=== Exercise instructions ===
Whenever the string "Eastern" turns up in a line below, that line should be copied.

=== Provided entries ===

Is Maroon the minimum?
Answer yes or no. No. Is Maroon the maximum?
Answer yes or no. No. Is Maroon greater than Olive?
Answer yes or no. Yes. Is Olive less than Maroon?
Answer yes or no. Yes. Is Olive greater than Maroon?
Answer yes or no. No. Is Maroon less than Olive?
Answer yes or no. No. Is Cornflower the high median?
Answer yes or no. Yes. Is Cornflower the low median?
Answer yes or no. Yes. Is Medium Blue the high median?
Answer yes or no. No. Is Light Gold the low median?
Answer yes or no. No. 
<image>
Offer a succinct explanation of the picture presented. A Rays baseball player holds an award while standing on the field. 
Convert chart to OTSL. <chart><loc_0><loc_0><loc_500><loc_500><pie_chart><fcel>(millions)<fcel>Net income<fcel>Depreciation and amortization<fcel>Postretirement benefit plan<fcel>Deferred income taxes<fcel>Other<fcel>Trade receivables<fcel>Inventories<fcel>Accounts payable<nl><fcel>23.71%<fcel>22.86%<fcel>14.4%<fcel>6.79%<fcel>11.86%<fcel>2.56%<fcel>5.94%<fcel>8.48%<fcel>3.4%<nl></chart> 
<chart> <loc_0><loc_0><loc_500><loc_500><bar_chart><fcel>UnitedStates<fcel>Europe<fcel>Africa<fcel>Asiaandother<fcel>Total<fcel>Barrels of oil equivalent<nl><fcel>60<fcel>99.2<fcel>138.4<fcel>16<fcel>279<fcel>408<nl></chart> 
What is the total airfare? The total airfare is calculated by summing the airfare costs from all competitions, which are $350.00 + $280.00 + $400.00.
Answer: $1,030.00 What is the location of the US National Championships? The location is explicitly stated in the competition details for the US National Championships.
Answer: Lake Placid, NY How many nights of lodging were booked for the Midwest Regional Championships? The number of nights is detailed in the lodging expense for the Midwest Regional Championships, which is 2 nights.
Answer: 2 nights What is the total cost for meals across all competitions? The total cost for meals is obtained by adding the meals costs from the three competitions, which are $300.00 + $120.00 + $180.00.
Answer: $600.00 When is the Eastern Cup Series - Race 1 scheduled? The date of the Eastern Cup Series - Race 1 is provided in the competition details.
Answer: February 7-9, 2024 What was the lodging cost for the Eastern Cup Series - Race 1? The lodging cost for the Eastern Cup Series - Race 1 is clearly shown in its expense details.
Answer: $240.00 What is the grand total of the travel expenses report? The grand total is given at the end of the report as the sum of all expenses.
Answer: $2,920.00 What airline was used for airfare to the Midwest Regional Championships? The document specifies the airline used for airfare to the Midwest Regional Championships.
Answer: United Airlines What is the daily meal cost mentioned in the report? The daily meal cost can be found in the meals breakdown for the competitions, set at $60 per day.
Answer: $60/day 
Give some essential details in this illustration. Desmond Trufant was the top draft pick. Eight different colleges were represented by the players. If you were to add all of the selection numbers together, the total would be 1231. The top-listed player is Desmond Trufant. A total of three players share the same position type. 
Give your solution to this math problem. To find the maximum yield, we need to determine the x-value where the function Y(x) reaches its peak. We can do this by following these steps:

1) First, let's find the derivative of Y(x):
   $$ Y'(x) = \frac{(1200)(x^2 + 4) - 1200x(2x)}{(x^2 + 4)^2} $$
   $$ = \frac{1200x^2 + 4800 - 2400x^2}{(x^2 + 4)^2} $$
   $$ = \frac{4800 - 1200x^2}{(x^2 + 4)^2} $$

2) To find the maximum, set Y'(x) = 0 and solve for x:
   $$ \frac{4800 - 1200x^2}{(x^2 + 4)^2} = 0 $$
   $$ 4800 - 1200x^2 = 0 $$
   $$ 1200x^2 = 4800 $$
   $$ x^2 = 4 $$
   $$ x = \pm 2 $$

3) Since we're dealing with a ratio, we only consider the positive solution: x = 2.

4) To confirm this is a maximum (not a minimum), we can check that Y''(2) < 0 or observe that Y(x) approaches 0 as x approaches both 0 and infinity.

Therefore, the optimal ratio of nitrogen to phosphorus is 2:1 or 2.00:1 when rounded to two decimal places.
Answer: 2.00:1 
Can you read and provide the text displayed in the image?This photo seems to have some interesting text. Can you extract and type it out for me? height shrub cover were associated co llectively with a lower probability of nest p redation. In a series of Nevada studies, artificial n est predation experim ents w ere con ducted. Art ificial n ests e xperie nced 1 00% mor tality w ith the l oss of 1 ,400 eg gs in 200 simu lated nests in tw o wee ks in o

===

=== Answer space ===
Answer: $600.00 When is the Eastern Cup Series - Race 1 scheduled? The date of the Eastern Cup Series - Race 1 is provided in the competition details.
Answer: February 7-9, 2024 What was the lodging cost for the Eastern Cup Series - Race 1? The lodging cost for the Eastern Cup Series - Race 1 is clearly shown in its expense details.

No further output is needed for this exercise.